### The problem
Set down each entry exactly; omit images.

### Supplied entries
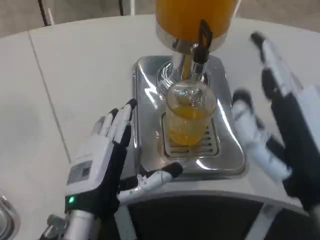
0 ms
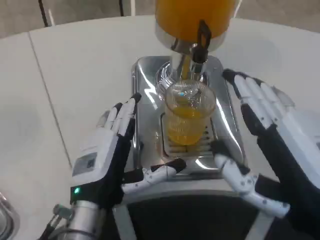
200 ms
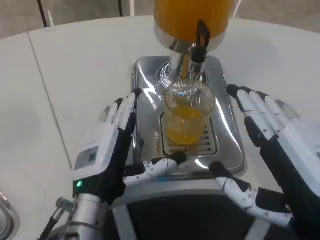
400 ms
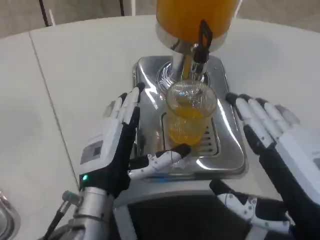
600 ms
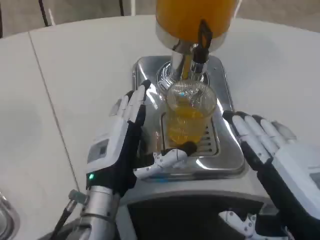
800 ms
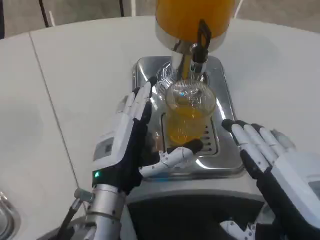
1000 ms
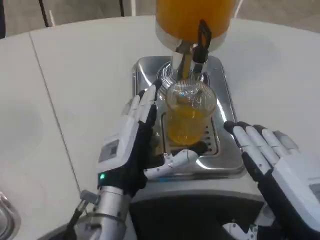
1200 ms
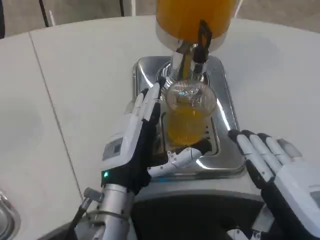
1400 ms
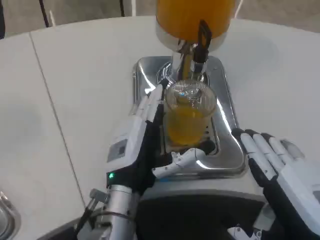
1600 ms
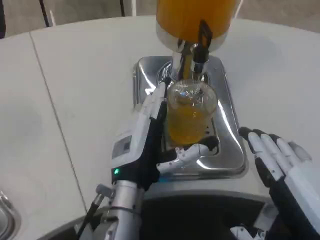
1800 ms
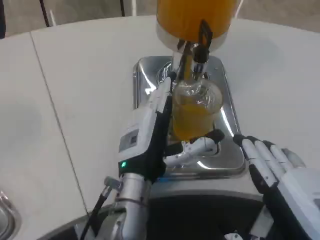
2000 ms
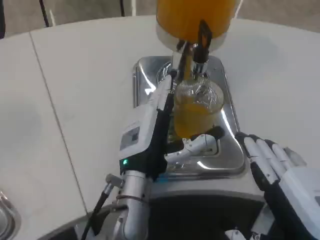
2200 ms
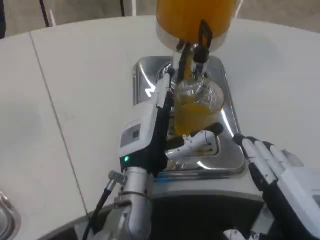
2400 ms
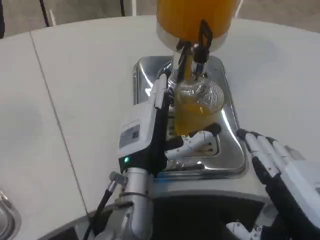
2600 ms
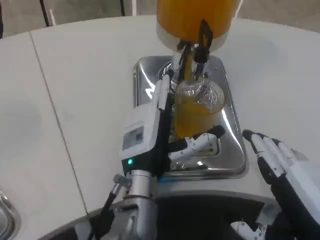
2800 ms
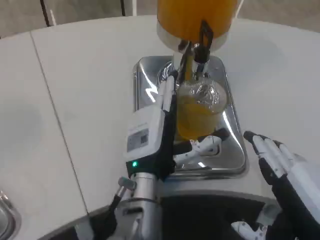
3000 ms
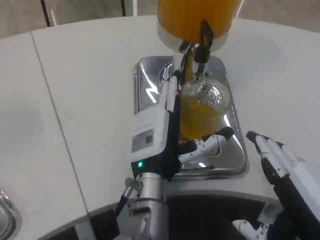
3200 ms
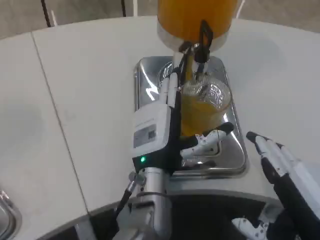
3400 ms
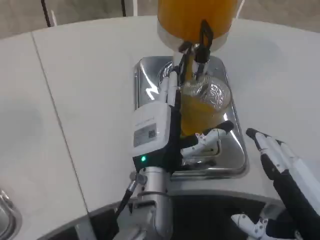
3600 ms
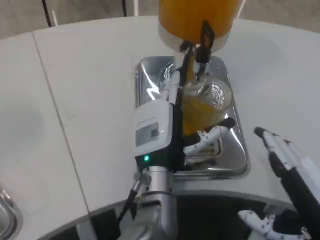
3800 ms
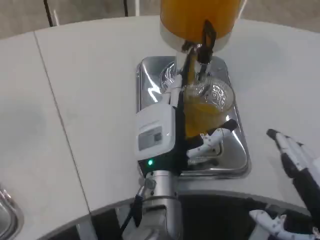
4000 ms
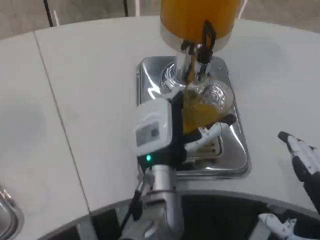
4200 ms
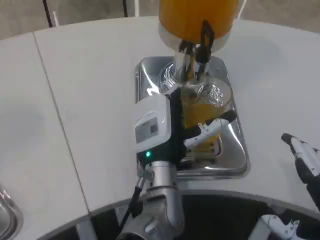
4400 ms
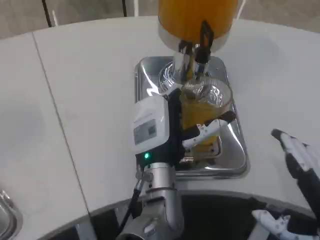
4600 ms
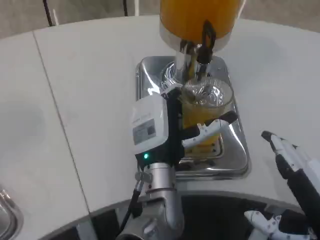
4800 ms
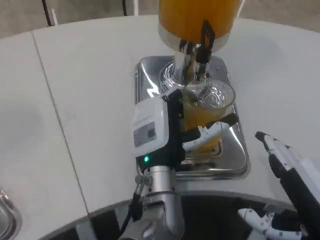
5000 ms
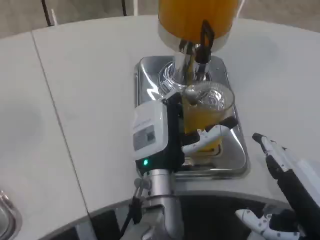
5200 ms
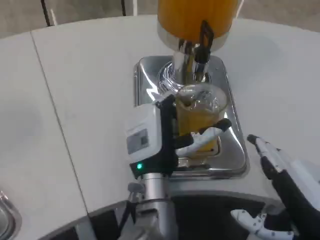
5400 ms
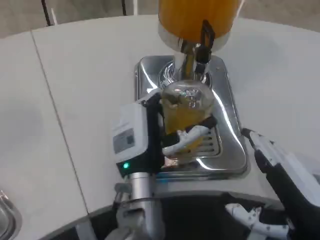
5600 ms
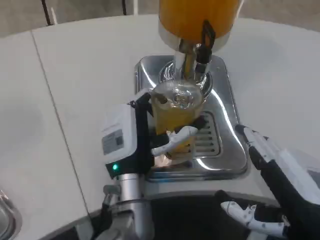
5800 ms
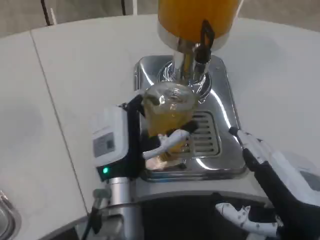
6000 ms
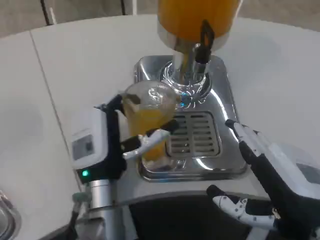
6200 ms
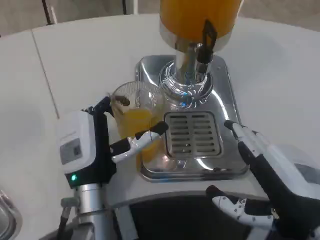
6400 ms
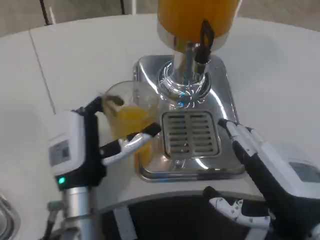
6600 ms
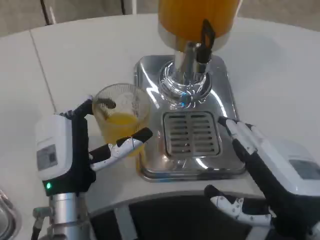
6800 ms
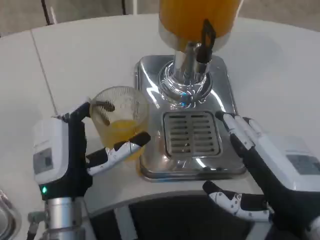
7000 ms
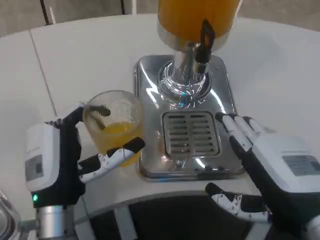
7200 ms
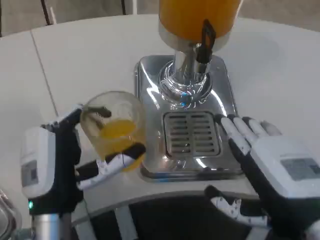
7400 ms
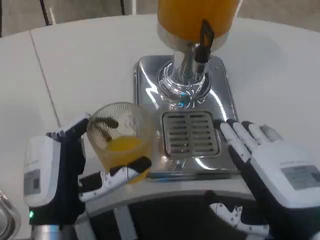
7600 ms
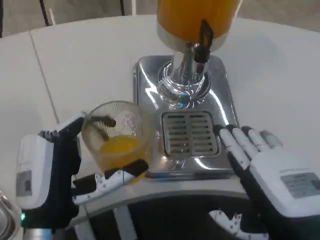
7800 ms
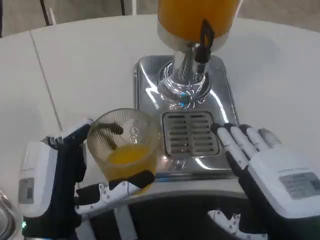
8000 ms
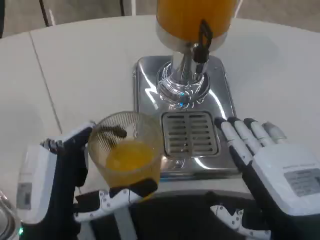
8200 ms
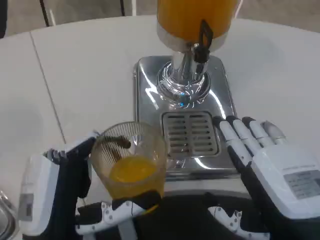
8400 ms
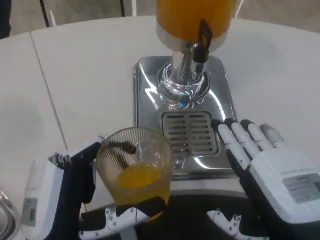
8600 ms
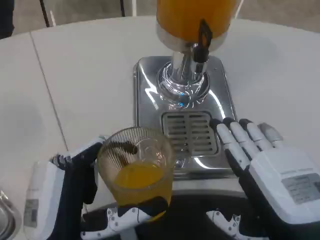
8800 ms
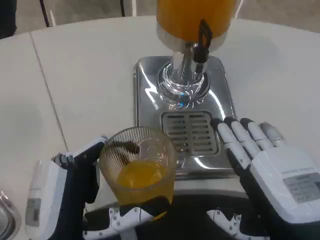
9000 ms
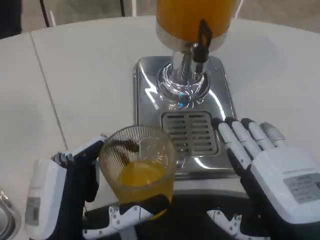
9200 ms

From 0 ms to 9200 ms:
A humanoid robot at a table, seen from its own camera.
Task of the whole recording: Grasp the cup under the faucet to collect the drink, then remove the cup.
From 0 ms to 1600 ms: The right hand changes place by approximately 5 cm. The left hand shifts by about 5 cm.
From 1600 ms to 3000 ms: The hands move only a little.
From 3000 ms to 4600 ms: The hands move only a little.
From 4600 ms to 6200 ms: The left hand moves to the left, about 10 cm.
From 6200 ms to 7600 ms: The left hand heads backward and to the left, covering roughly 10 cm.
From 7600 ms to 9200 ms: The left hand goes some 5 cm backward.

### Output below
0 ms
200 ms
400 ms
600 ms
800 ms
1000 ms
1200 ms
1400 ms
1600 ms
1800 ms
2000 ms
2200 ms
2400 ms
2600 ms
2800 ms
3000 ms
3200 ms
3400 ms
3600 ms
3800 ms
4000 ms
4200 ms
4400 ms
4600 ms
4800 ms
5000 ms
5200 ms
5400 ms
5600 ms
5800 ms
6000 ms
6200 ms
6400 ms
6600 ms
6800 ms
7000 ms
7200 ms
7400 ms
7600 ms
7800 ms
8000 ms
8200 ms
8400 ms
8600 ms
8800 ms
9000 ms
9200 ms

From 0 ms to 9200 ms:
A humanoid robot at a table, seen from its own camera.
Task of the whole recording: Grasp the cup under the faucet to collect the drink, then remove the cup.
From 0 ms to 1600 ms: The right hand changes place by approximately 5 cm. The left hand shifts by about 5 cm.
From 1600 ms to 3000 ms: The hands move only a little.
From 3000 ms to 4600 ms: The hands move only a little.
From 4600 ms to 6200 ms: The left hand moves to the left, about 10 cm.
From 6200 ms to 7600 ms: The left hand heads backward and to the left, covering roughly 10 cm.
From 7600 ms to 9200 ms: The left hand goes some 5 cm backward.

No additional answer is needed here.